CREATE OR REPLACE PIPE raw.snowplow.gitlab_good_event_pipe auto_ingest= TRUE AS
COPY INTO raw.snowplow.gitlab_events
    FROM (SELECT $1, $2, $3, $4, $5, $6, $7, $8, $9,$10,$11,$12,$13,$14,$15,$16,$17,$18,$19,$20,$21,$22,$23,$24,$25,$26,$27,$28,$29,$30,$31,$32,$33,$34,$35,$36,$37,$38,$39,$40,$41,$42,$43,$44,$45,$46,$47,$48,$49,$50,$51,$52,$53,$54,$55,$56,$57,$58,$59,$60,$61,$62,$63,$64,$65,$66,$67,$68,$69,$70,$71,$72,$73,$74,$75,$76,$77,$78,$79,$80,$81,$82,$83,$84,$85,$86,$87,$88,$89,$90,$91,$92,$93,$94,$95,$96,$97,$98,$99,100,101,102,103,104,105,106,107,108,109,110,111,112,113,114,115,116,117,118,119,120,121,122,123,124,125,126,127,128,129,130,131,AST(CURRENT_TIMESTAMP() AS TIMESTAMP_NTZ(9)) AS uploaded_at
          FROM @raw.snowplow.gitlab_events)
    FILE_FORMAT = (FORMAT_NAME = 'snowplow_tsv')
    ON_ERROR = 'skip_file';

This highlights the fact that JSON would be a better format. This could be a future iteration of the infrastructure.

The bad event pipe is created as follows:

CREATE OR REPLACE PIPE raw.snowplow.gitlab_bad_event_pipe auto_ingest= TRUE AS
COPY INTO raw.snowplow.gitlab_bad_events (jsontext)
    FROM @raw.snowplow.gitlab_bad_events

To view pipes:

SHOW PIPES IN raw.snowplow;

To describe a pipe:

DESCRIBE PIPE raw.snowplow.gitlab_good_event_pipe;

To pause a running pipe:

ALTER PIPE raw.snowplow.gitlab_good_event_pipe SET PIPE_EXECUTION_PAUSED = TRUE;

To force resume a pipe:

SELECT system$pipe_force_resume('raw.snowplow.gitlab_good_event_pipe');

To check the status of a pipe

SELECT system$pipe_status('raw.snowplow.gitlab_good_event_pipe');

To force a refresh of the stage so that snowpipe picks up older events:

ALTER PIPE gitlab_good_event_pipe refresh;


To materialize data from the RAW database to ANALYTICS for querying, we have implemented a partitioning strategy within dbt.
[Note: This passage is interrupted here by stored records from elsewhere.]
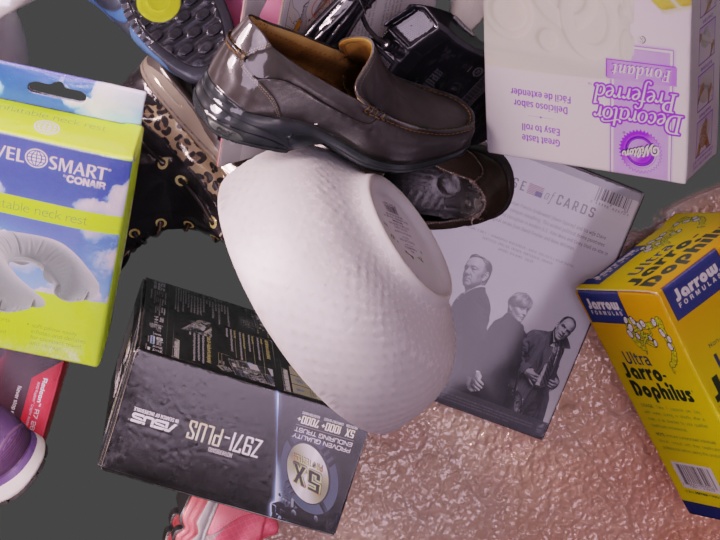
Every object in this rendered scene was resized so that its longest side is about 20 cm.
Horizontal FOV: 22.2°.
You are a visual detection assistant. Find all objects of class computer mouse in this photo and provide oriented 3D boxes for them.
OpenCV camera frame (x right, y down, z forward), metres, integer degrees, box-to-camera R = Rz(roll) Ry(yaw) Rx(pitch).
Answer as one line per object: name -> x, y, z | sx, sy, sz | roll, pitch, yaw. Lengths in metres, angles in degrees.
computer mouse -> 0.052, -0.167, 1.228 | 0.199, 0.046, 0.141 | 19, 119, -43

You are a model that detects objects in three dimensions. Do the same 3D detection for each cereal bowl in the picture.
cereal bowl -> 0.000, 0.000, 1.180 | 0.083, 0.200, 0.201 | -32, 104, 19

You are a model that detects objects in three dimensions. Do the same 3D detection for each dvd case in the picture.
dvd case -> 0.104, 0.009, 1.357 | 0.149, 0.025, 0.202 | 20, 99, -9

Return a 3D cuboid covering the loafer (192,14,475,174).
loafer -> -0.004, -0.112, 1.160 | 0.198, 0.073, 0.073 | 4, 129, -34

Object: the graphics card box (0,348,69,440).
graphics card box -> -0.304, 0.039, 1.310 | 0.198, 0.051, 0.127 | 17, 100, -8

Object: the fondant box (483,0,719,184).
fondant box -> 0.153, -0.166, 1.171 | 0.143, 0.058, 0.202 | 11, 120, 28

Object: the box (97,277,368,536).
box -> -0.088, 0.089, 1.264 | 0.162, 0.200, 0.087 | 17, 101, -9

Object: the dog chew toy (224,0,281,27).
dog chew toy -> -0.074, -0.244, 1.241 | 0.123, 0.125, 0.202 | -7, 115, -4

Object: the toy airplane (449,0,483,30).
toy airplane -> 0.157, -0.211, 1.274 | 0.200, 0.141, 0.200 | -35, 93, 39

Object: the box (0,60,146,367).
box -> -0.213, -0.035, 1.213 | 0.121, 0.048, 0.201 | 11, 126, -5

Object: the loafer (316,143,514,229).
loafer -> 0.008, -0.065, 1.295 | 0.198, 0.071, 0.074 | 0, 102, 9

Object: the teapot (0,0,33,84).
teapot -> -0.312, -0.133, 1.224 | 0.195, 0.146, 0.202 | 14, 99, -9

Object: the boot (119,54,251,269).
boot -> -0.131, -0.036, 1.276 | 0.150, 0.073, 0.201 | -34, 96, 21

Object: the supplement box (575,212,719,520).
supplement box -> 0.262, 0.070, 1.327 | 0.108, 0.109, 0.201 | -35, 104, -21

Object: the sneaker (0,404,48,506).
sneaker -> -0.322, 0.139, 1.293 | 0.199, 0.076, 0.088 | -28, 123, 19

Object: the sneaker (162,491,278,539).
sneaker -> -0.117, 0.253, 1.362 | 0.086, 0.074, 0.202 | 18, 99, -10

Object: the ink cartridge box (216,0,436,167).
ink cartridge box -> -0.023, -0.178, 1.218 | 0.175, 0.045, 0.202 | -15, 130, -39

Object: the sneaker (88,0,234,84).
sneaker -> -0.153, -0.196, 1.238 | 0.066, 0.079, 0.200 | -42, 80, -13

By default, the snowplow models and the Fishtown snowplow package will write to a schema scoped to the current month. For July 2019, the schema would be snowplow_2019_07.
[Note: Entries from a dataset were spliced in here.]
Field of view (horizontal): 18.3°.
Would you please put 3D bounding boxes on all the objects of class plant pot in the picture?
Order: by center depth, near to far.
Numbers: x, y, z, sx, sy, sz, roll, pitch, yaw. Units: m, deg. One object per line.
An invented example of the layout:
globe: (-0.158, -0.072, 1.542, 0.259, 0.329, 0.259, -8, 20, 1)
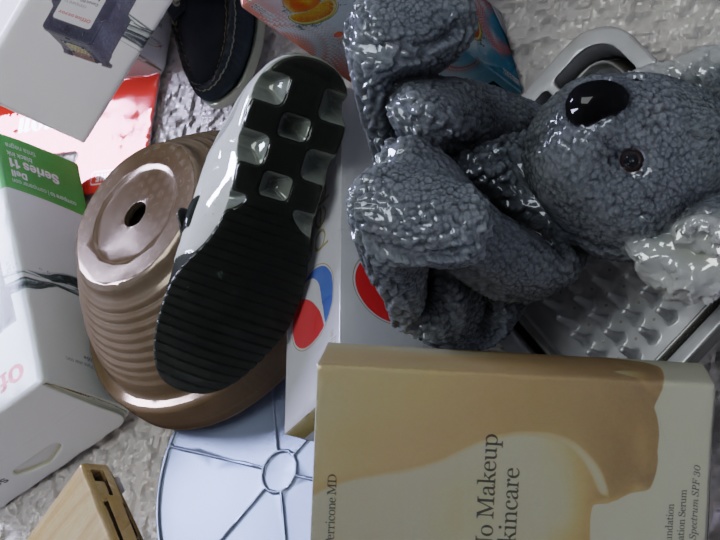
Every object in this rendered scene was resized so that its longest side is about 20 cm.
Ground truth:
plant pot: (-0.107, -0.012, 1.364, 0.200, 0.093, 0.202, -24, 49, 30)

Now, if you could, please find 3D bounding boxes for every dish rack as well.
dish rack: (0.139, -0.019, 1.230, 0.172, 0.043, 0.200, -48, 50, 11)

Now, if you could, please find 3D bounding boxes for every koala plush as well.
koala plush: (0.107, -0.049, 1.158, 0.199, 0.184, 0.178, -10, 52, 11)

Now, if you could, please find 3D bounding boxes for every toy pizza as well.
toy pizza: (-0.039, 0.123, 1.316, 0.199, 0.032, 0.201, -18, 58, 32)

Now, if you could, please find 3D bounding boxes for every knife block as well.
knife block: (-0.194, 0.218, 1.311, 0.175, 0.200, 0.064, -24, 53, -7)

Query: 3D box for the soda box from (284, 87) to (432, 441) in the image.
soda box: (0.000, 0.000, 1.269, 0.068, 0.063, 0.201, -44, 38, 48)

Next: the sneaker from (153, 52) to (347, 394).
sneaker: (-0.065, -0.027, 1.274, 0.201, 0.074, 0.088, -67, 16, 2)

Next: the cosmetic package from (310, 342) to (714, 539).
cosmetic package: (0.075, 0.095, 1.133, 0.199, 0.071, 0.106, 1, 96, 3)

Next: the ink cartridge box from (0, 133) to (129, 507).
ink cartridge box: (-0.243, 0.035, 1.474, 0.146, 0.083, 0.201, -35, 55, 26)

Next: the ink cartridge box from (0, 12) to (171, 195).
ink cartridge box: (-0.221, -0.137, 1.559, 0.199, 0.043, 0.175, -5, 68, 36)

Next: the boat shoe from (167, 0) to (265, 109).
boat shoe: (-0.106, -0.202, 1.482, 0.075, 0.062, 0.201, -19, 61, 32)

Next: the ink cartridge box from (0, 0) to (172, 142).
ink cartridge box: (-0.161, -0.203, 1.398, 0.200, 0.084, 0.145, -55, 22, 22)

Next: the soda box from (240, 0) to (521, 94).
soda box: (0.010, -0.150, 1.279, 0.068, 0.200, 0.064, -27, 57, 25)

Within each monthly partition all of the base models and the models generated by the package are written for all events that have a derived timestamp that matches the partition date. Different monthly partitions can be generated by passing in variables to dbt at run time:

--vars '{"year": "2019", "month": "01", "part": "2019_01"}'

Backfills are done via Airflow. The dbt_snowplow_backfill DAG will generate a task for each month from July 2018 to the current month.